Arius manillensis is a species of marine catfish endemic to the island of Luzon, Philippines. It is commonly known as the sea catfish, Manila sea catfish or kanduli. It is fished commercially.

==Taxonomy and nomenclature==
Arius manillensis was first described by the French zoologist Achille Valenciennes in 1840. It belongs to the subfamily Ariinae of the family Ariidae (ariid or fork-tailed catfishes).

It should not be confused with the closely related Cephalocassis manillensis, also described by Valenciennes in 1840.

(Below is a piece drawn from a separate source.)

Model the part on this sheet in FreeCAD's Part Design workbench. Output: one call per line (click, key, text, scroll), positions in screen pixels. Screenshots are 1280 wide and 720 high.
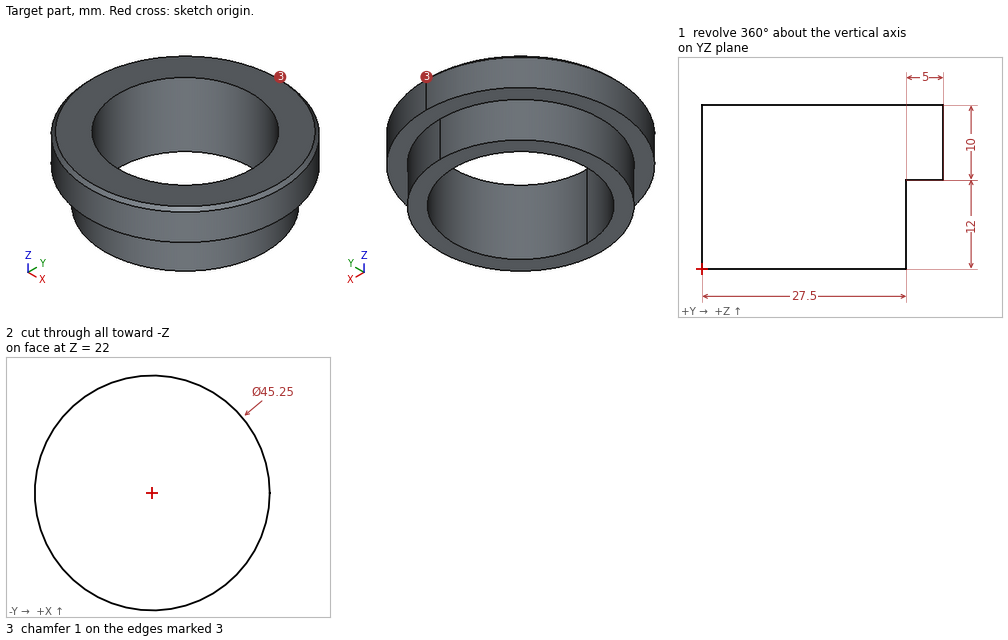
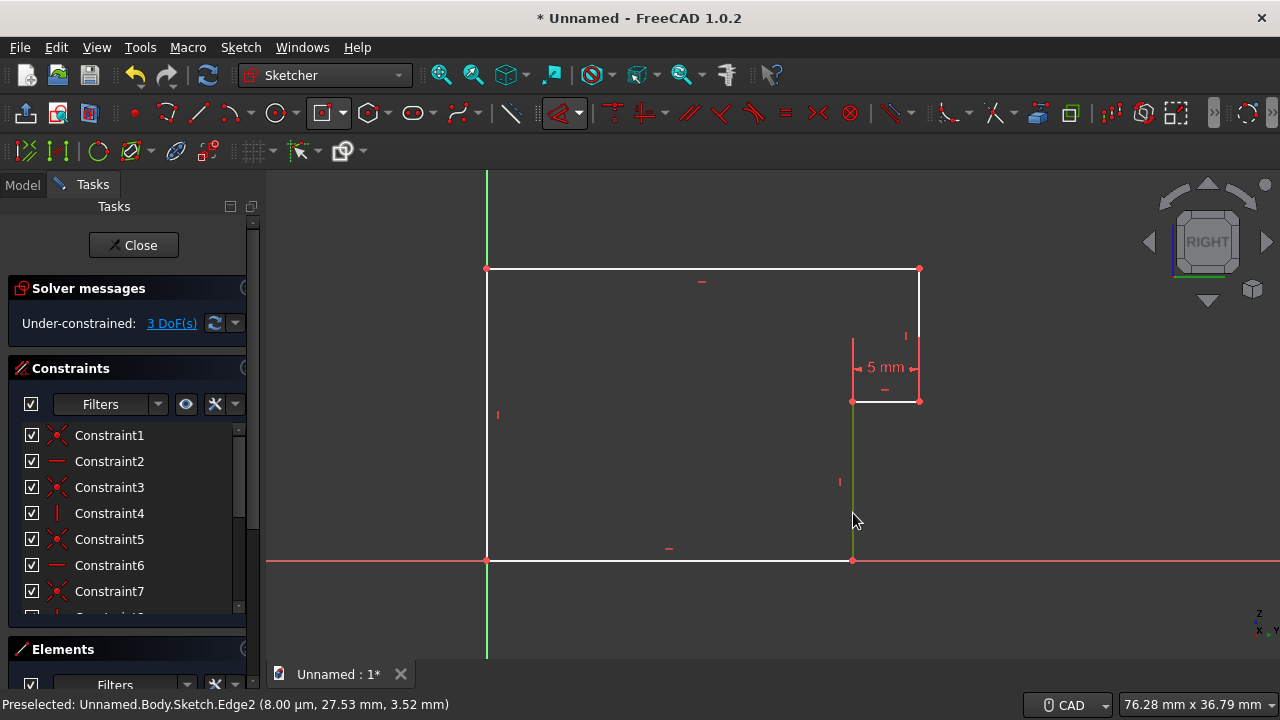
key(i)

Other common names of the species include kandule, dupit, kiti-kiti, tabangongo, and tauti.

==Description==
Arius manillensis reach a maximum standard length of 29.6 cm (in males).

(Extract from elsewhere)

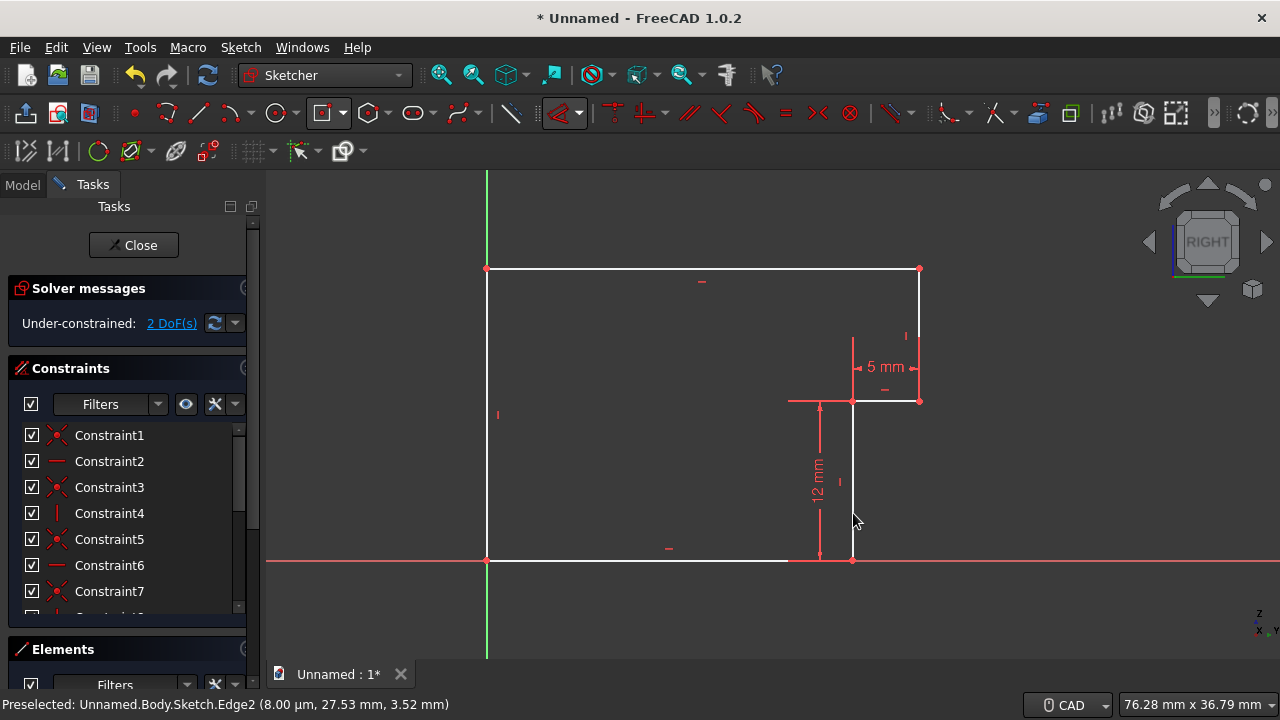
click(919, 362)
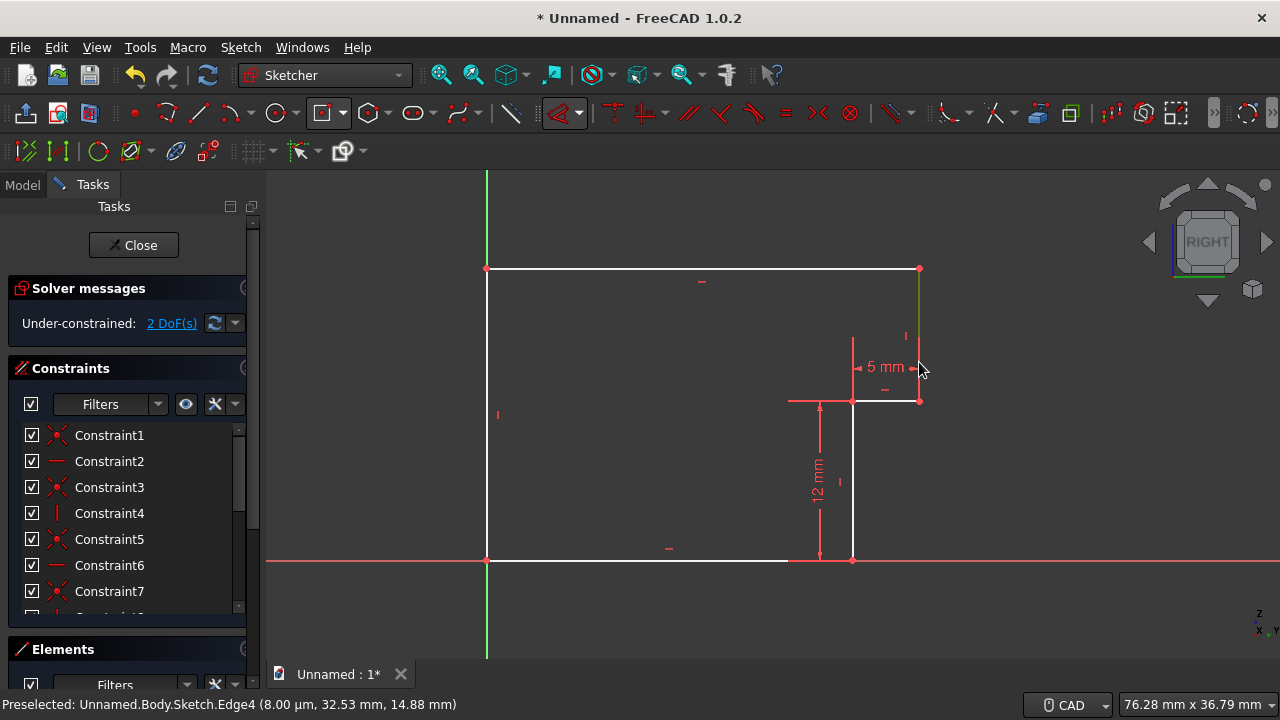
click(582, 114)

==Distribution and habitat==
Arius manillensis is endemic to the island of Luzon, Philippines. It is found in the area around Manila, Bataan, Laguna, Cavite, and Rizal; including the Pasig River and Laguna de Bay. It inhabits marine, brackish, freshwater, and benthopelagic habitats.

==Biology==
Arius manillensis are mouthbrooders. The males of the species incubate the eggs within their mouths for six to eight weeks and provide shelter for the young once they hatch. A single instance of a female carrying eggs in her mouth has also been reported. Upon hatching, the young forage for plankton in short bursts but will quickly return to the safety of the mouth of the adult if alarmed. They eventually become independent once they reach a size of 30 to 44 mm. During the entire period, the adults do not eat and their stomachs shrink dramatically.